- About this task
For this exercise, retype every record below exactly and keep the pictures out.

- Given records
^^^^

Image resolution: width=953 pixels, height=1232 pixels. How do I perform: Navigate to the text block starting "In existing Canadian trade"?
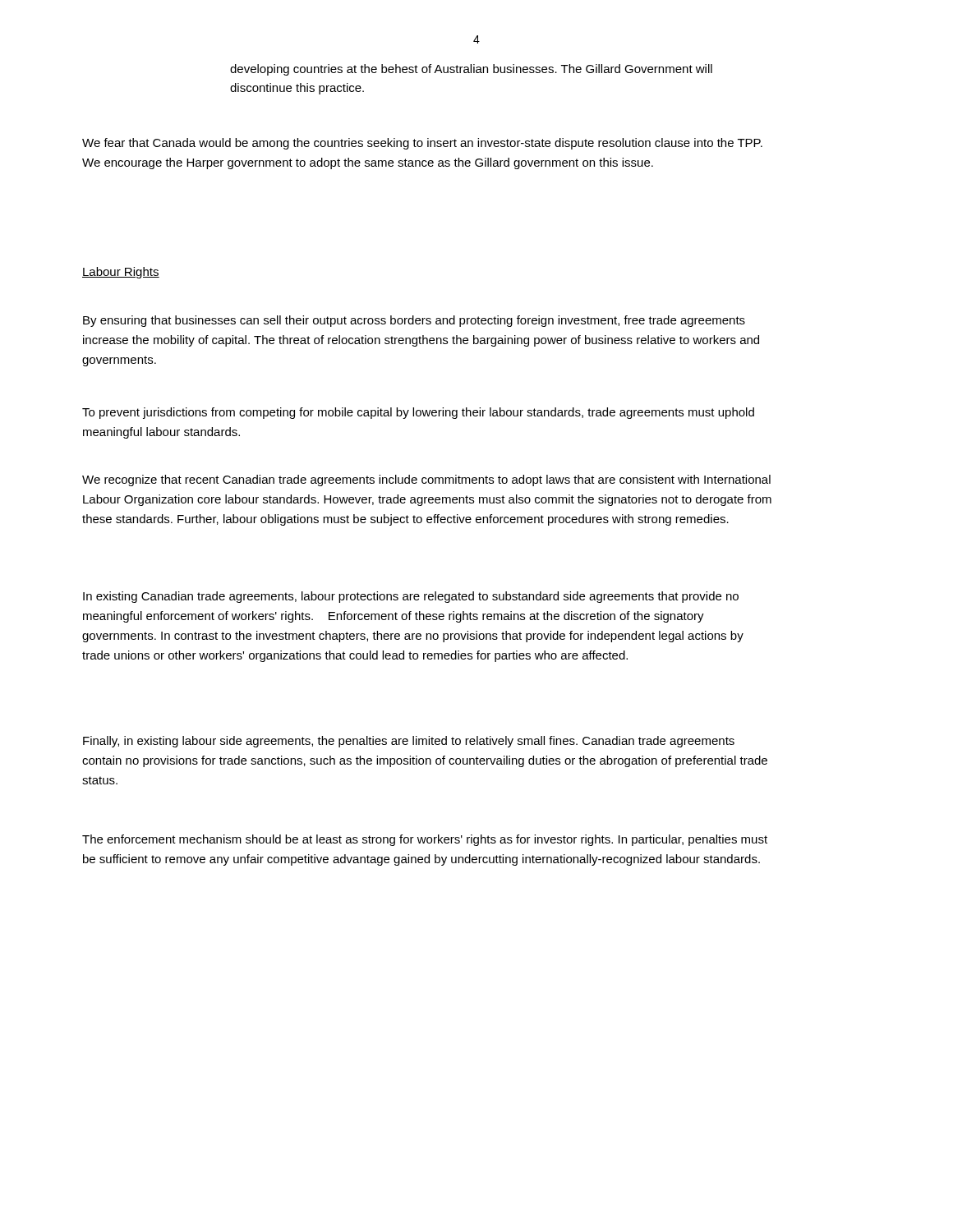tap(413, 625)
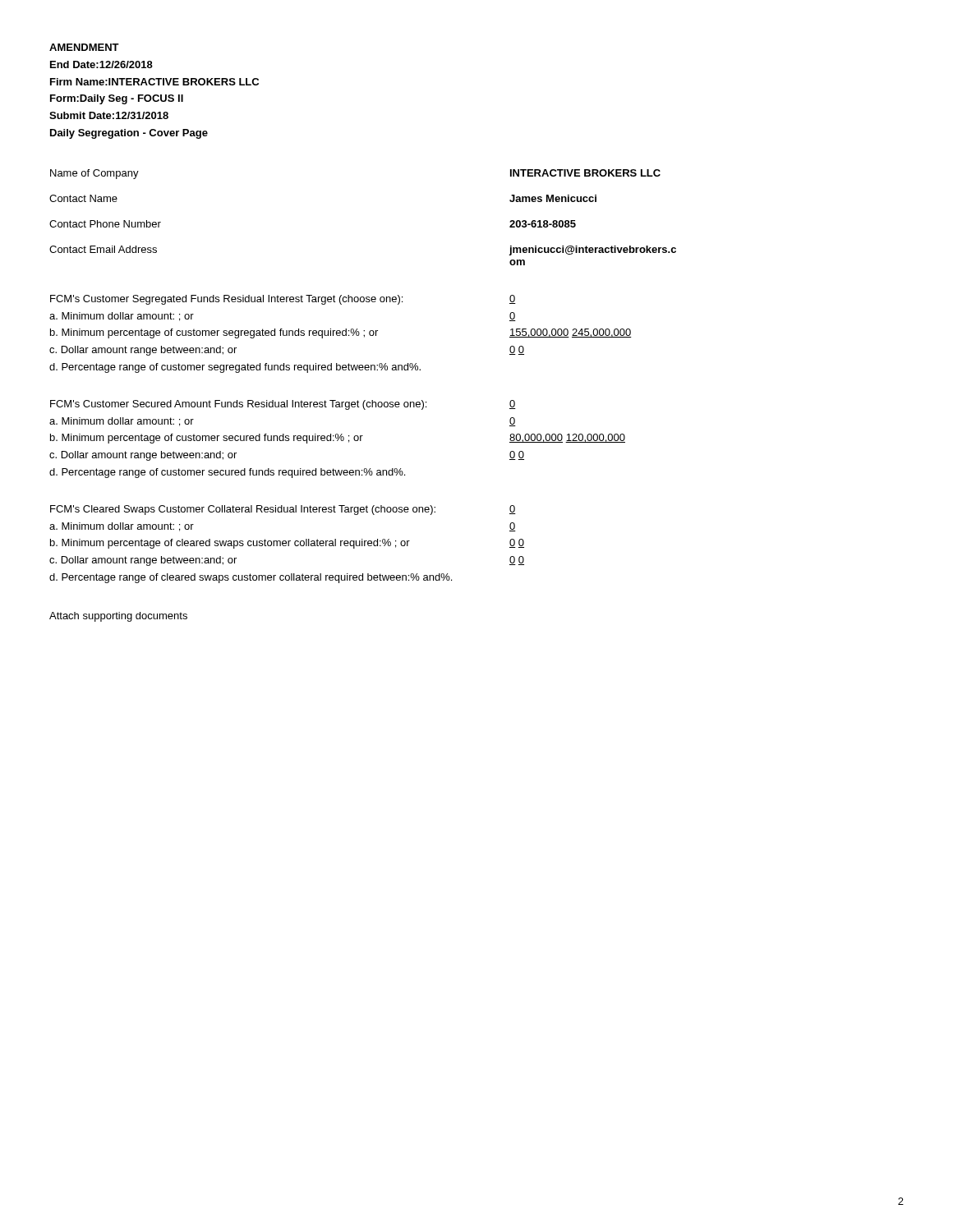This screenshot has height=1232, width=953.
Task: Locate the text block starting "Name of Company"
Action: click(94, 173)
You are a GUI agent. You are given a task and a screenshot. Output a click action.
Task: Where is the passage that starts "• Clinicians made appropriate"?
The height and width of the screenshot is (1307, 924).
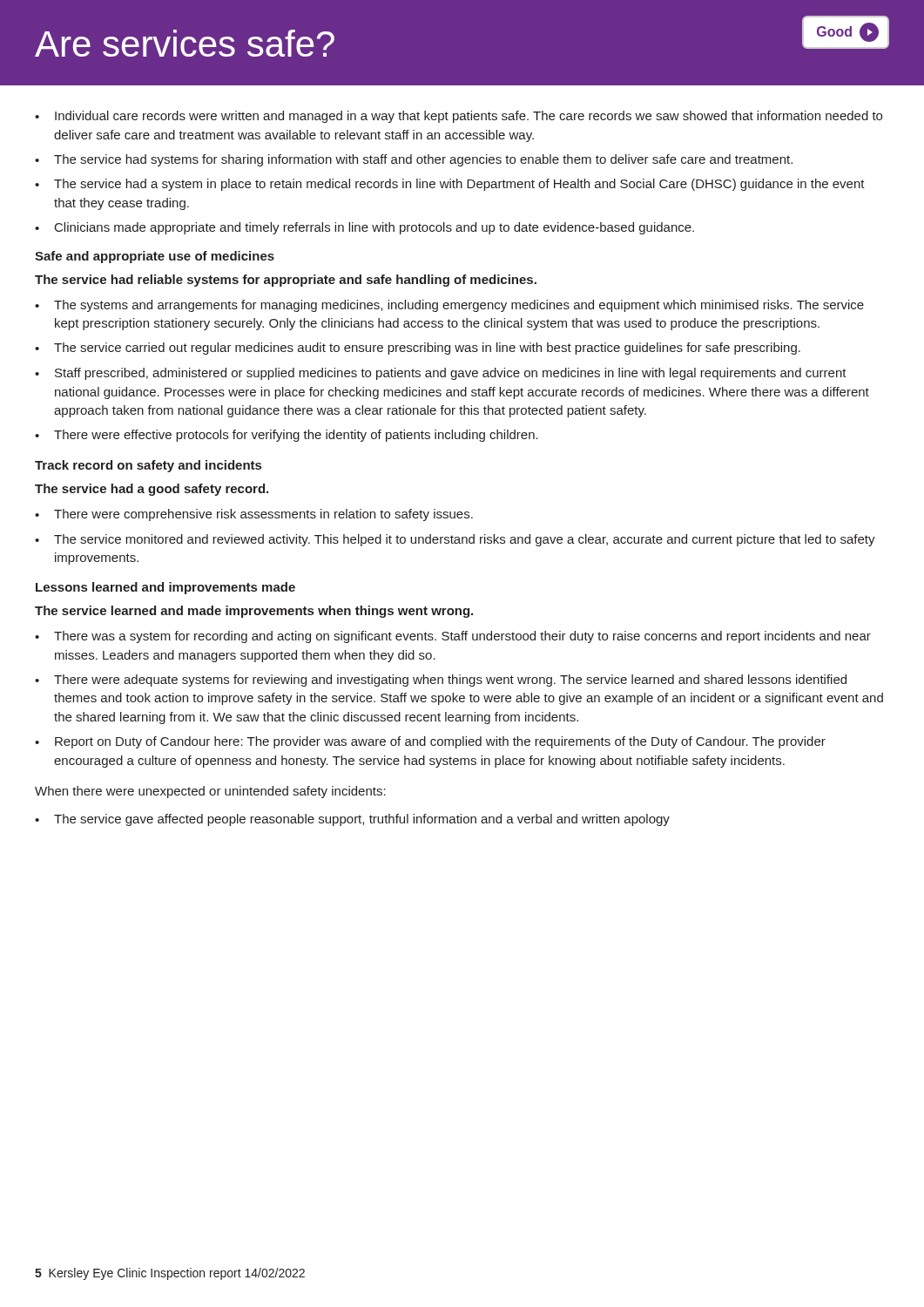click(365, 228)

^^^^

- Answer to the exercise
Image resolution: width=953 pixels, height=1232 pixels. How do I perform: Navigate to the text block starting "In existing Canadian trade"?
tap(413, 625)
This screenshot has height=1232, width=953.
Task: Locate the text block starting "Name of Company"
Action: click(94, 173)
You are a GUI agent. You are given a task and a screenshot. Output a click action.
Task: Where is the passage that starts "• Clinicians made appropriate"?
The height and width of the screenshot is (1307, 924).
click(365, 228)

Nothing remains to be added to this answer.